One last performance brings us back full circle except that on this iteration of his purgatory of self delusion there's a circuit breaker. After he delivers his strongest performance yet, even taking the sensitive high part in the chorus that his deceased former partner used to, he leaves the mic to the next performer who uses the last song's same phrase "fare thee well" to much more poignant effect and lays the groundwork for erasing all the polite fine wine folk and replacing it with personality, politics and pure art. Llewyn doesn't notice. He's too busy reliving what he went through at the beginning.
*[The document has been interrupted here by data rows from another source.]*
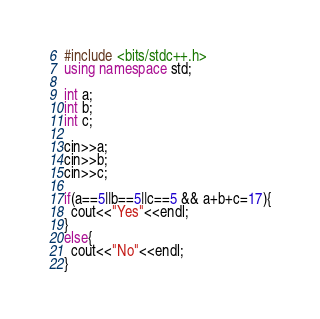<code> <loc_0><loc_0><loc_500><loc_500><_C++_>#include <bits/stdc++.h>
using namespace std;

int a;
int b;
int c;

cin>>a;
cin>>b;
cin>>c;

if(a==5||b==5||c==5 && a+b+c=17){
  cout<<"Yes"<<endl;
}
else{
  cout<<"No"<<endl;
}</code> 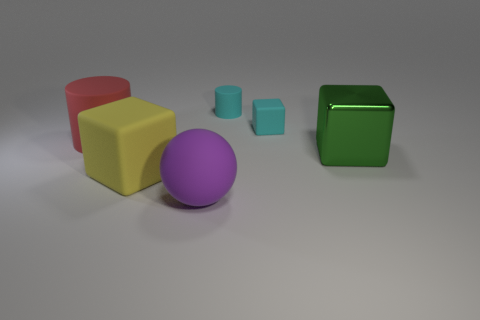What material is the big green object that is the same shape as the yellow rubber object?
Offer a terse response. Metal. What material is the green cube that is the same size as the red rubber thing?
Provide a short and direct response. Metal. How many objects are big cubes that are behind the big yellow object or cubes left of the big green metal thing?
Offer a terse response. 3. What is the object that is in front of the large cube left of the purple rubber ball that is left of the small cyan matte cylinder made of?
Ensure brevity in your answer.  Rubber. Does the cylinder that is right of the sphere have the same color as the tiny matte cube?
Offer a very short reply. Yes. What material is the big object that is both to the right of the large yellow thing and behind the purple rubber ball?
Make the answer very short. Metal. Are there any matte blocks of the same size as the red cylinder?
Keep it short and to the point. Yes. What number of gray matte cubes are there?
Ensure brevity in your answer.  0. How many tiny cyan rubber cubes are behind the big ball?
Provide a short and direct response. 1. Does the tiny cyan cylinder have the same material as the big cylinder?
Give a very brief answer. Yes. 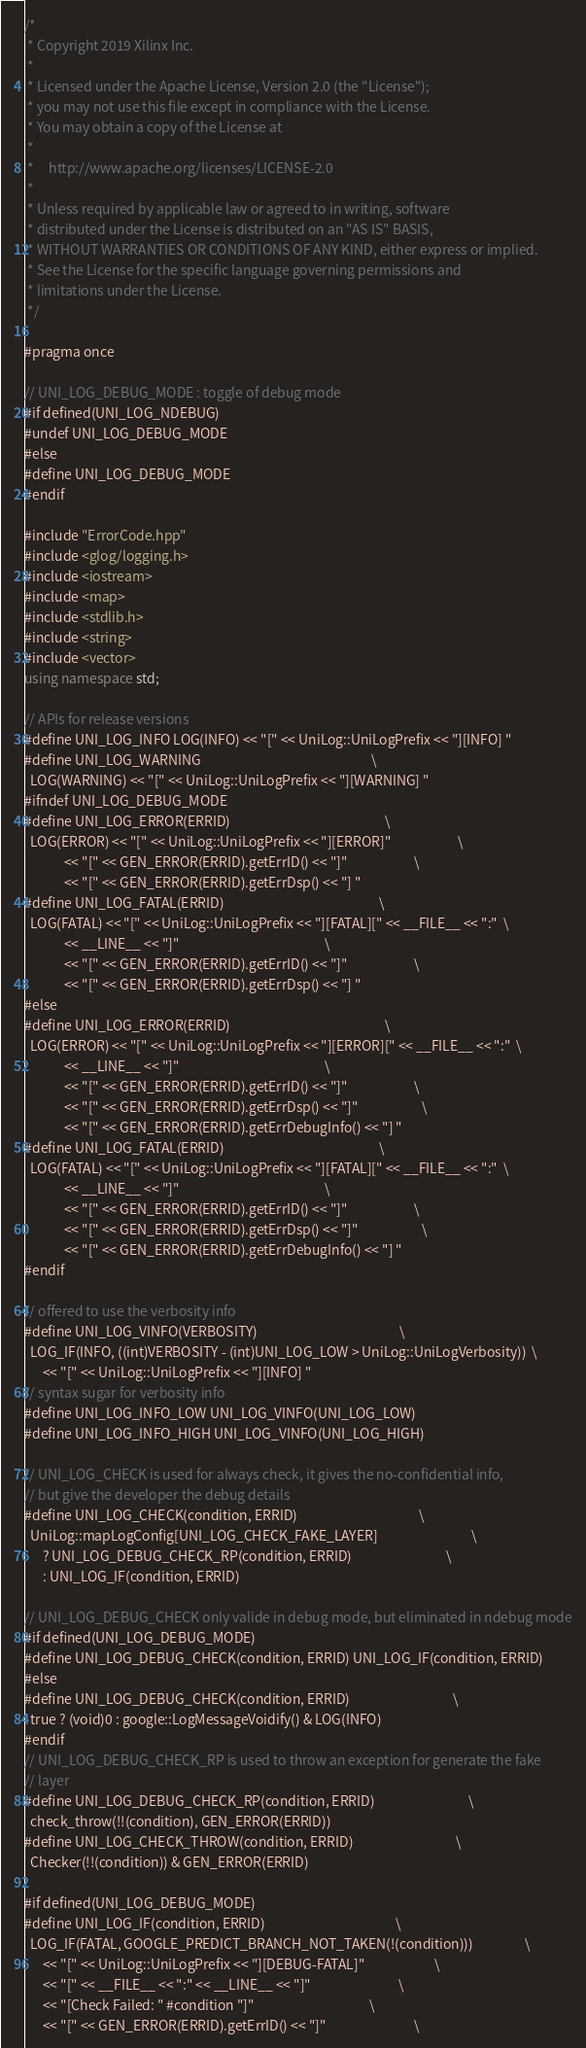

By then end of this film I started realising why, despite the impossibility of sympathising with the central character, I liked this film so much and, by extension, I liked it more than almost all the Coen films I've seen since O Brother Where Art Thou. And I liked it for the opposite reason that I liked that one: this doesn't feel like a Coens movie. It's as good as they are at their best but there is a complete absence of self-celebration of the authorship that they have made such a trademark in the cinema of the last thirty years. The colour suggests the cover of Bob Dylan's early record covers but this just feels like winter rather than gimmick (nice if you know it, though).

I know people (overwhelmingly males) in their late forties who are still living the life on the open couch, still bumming around, worming around outsize debt and trading on their charm, having never made the decision to wise up and take the shilling. It is the charm, though, that separates those who win at this and those who knuckle under and settle and that is the performance that they must perfect (be they ever exhaustingly mediocre at their arts or crafts). Llewyn doesn't get this. Much as we hate to admit it most of us are just like him.